その(3)は、生活保護費の削減に反対すべきではないか、についてです。
政府は、生活保護費削減の理由として、「生活保護を利用していない低所得世帯の生活水準が下がったからそれに合わせて引き下げる」としています。こうした理由による5年ごとの削減を繰り返せば、際限のない「貧困の悪循環」をもたらすことになります。
区長として、貧困と格差を是正し区民生活を守る立場から、10月からの生活保護費の削減に反対すべきではありませんか、答弁を求めます。
その(4)は、生活保護の利用率向上への努力についてです。
生活保護の捕捉率(利用の要件がある人のうち実際に利用できている人の割合)は、厚労省の推計によれば2〜3割とされます。生活保護の利用率が低すぎるのです。生活保護を利用することは、憲法25条で保障する「健康で文化的な最低限度の生活」への「正当な権利」であることや制度を周知して、自分が生活保護を利用できることをもっと多くの区民のみなさんに知らせることが大切です。生活保護を受給することへの偏見をなくし、保護を必要とする区民が確実に保護を利用できるようにする取り組みが求められています。
目黒区として、どのように捕捉率(利用率)を上げる努力をしているか、おたずねします。

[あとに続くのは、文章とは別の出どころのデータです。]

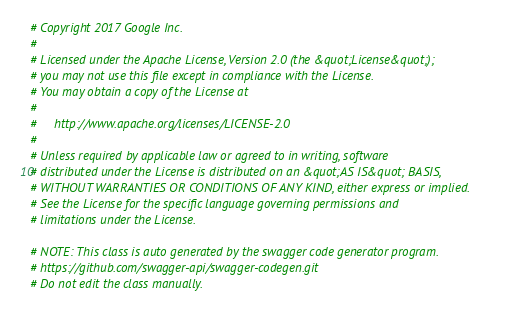Convert code to text. <code><loc_0><loc_0><loc_500><loc_500><_Elixir_># Copyright 2017 Google Inc.
#
# Licensed under the Apache License, Version 2.0 (the &quot;License&quot;);
# you may not use this file except in compliance with the License.
# You may obtain a copy of the License at
#
#     http://www.apache.org/licenses/LICENSE-2.0
#
# Unless required by applicable law or agreed to in writing, software
# distributed under the License is distributed on an &quot;AS IS&quot; BASIS,
# WITHOUT WARRANTIES OR CONDITIONS OF ANY KIND, either express or implied.
# See the License for the specific language governing permissions and
# limitations under the License.

# NOTE: This class is auto generated by the swagger code generator program.
# https://github.com/swagger-api/swagger-codegen.git
# Do not edit the class manually.
</code>

第2は、子ども総合計画改定に向けた取り組みについてです。
新年度から、「子ども総合計画」改定に向けた検討が行われます。「子ども総合計画」の策定は、「子ども条例」に規定されています。「目黒区子ども条例」は、2004年、全国に先駆け4番目で、当目黒区議会において全会派一致で採択されました。国連「子どもの権利条約」を我が国が批准してから10年後のことでした。

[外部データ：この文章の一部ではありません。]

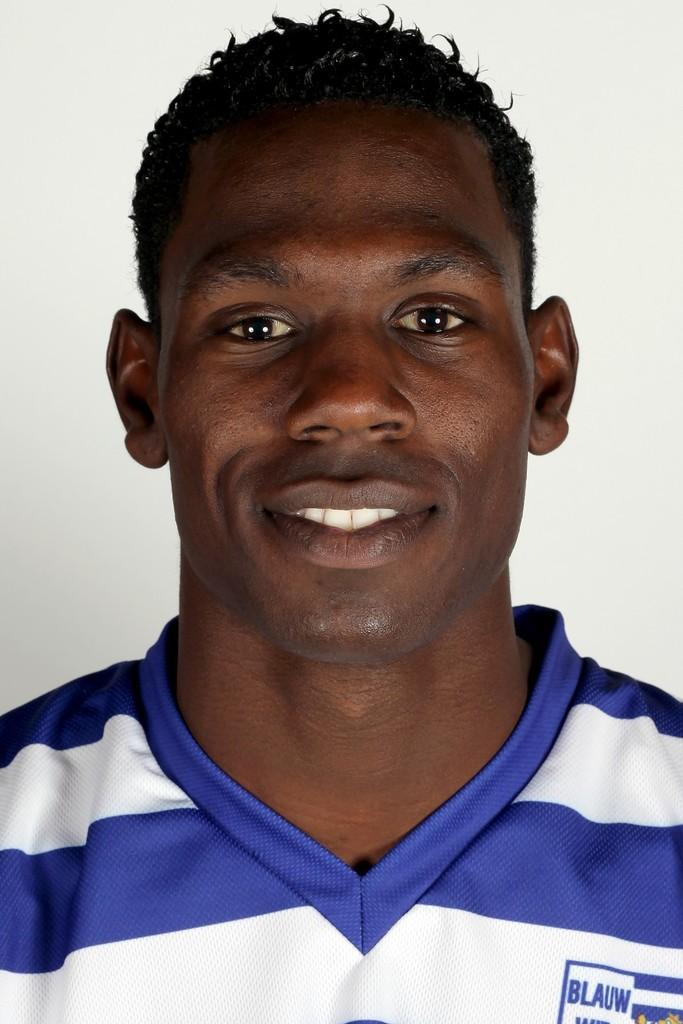What is the main subject of the image? There is a photograph of a man in the image. What color is the background of the image? The background of the image is white. What type of rock is causing trouble in the image? There is no rock present in the image, nor is there any indication of trouble.

国においては、昨年4月、児童福祉法が改正され、国連「子どもの権利条約」の理念がはっきり取り入れられました。改正前は、子どもは保護されるべきものという視点がつよかったのですが、改正後は、子どもを大人同様に「権利の主体」として位置づけ、その最善の利益が優先されるよう努めることとされました。
いまこそ、子どもの意見が尊重され、子どもの生きる力をはぐくみ、子どもと大人が共に豊かな地域社会を形成していくことが求められています。そこで3点質問します。
その(1)は、子どもたちの意見を十分に聴くべきではないか、についてです。
新年度は、改定に向けた取り組みの一環として、業者へ基礎調査を業務委託しますが、この基礎調査とともに、保育、学童保育など分野別に当事者を加え、当事者を主体にした分野ごとの検討会を設置すべきではありませんか。
また、子ども条例の意見表明権をふまえ、子どもたちの意見を十分に聴くべきではありませんか。
その(2)は、子どもと貧困対策についてです。
子どもの貧困対策法が施行されて4年になりますが、いまだに6人に1人の子どもが貧困とされる水準で生活しています。ひとり親家庭の貧困は2人に1人という深刻さです。非正規労働が増え、親が昼も夜も働いてなお貧困という課題を抱えながら「貧困の連鎖」を断ち切っていかなければなりません。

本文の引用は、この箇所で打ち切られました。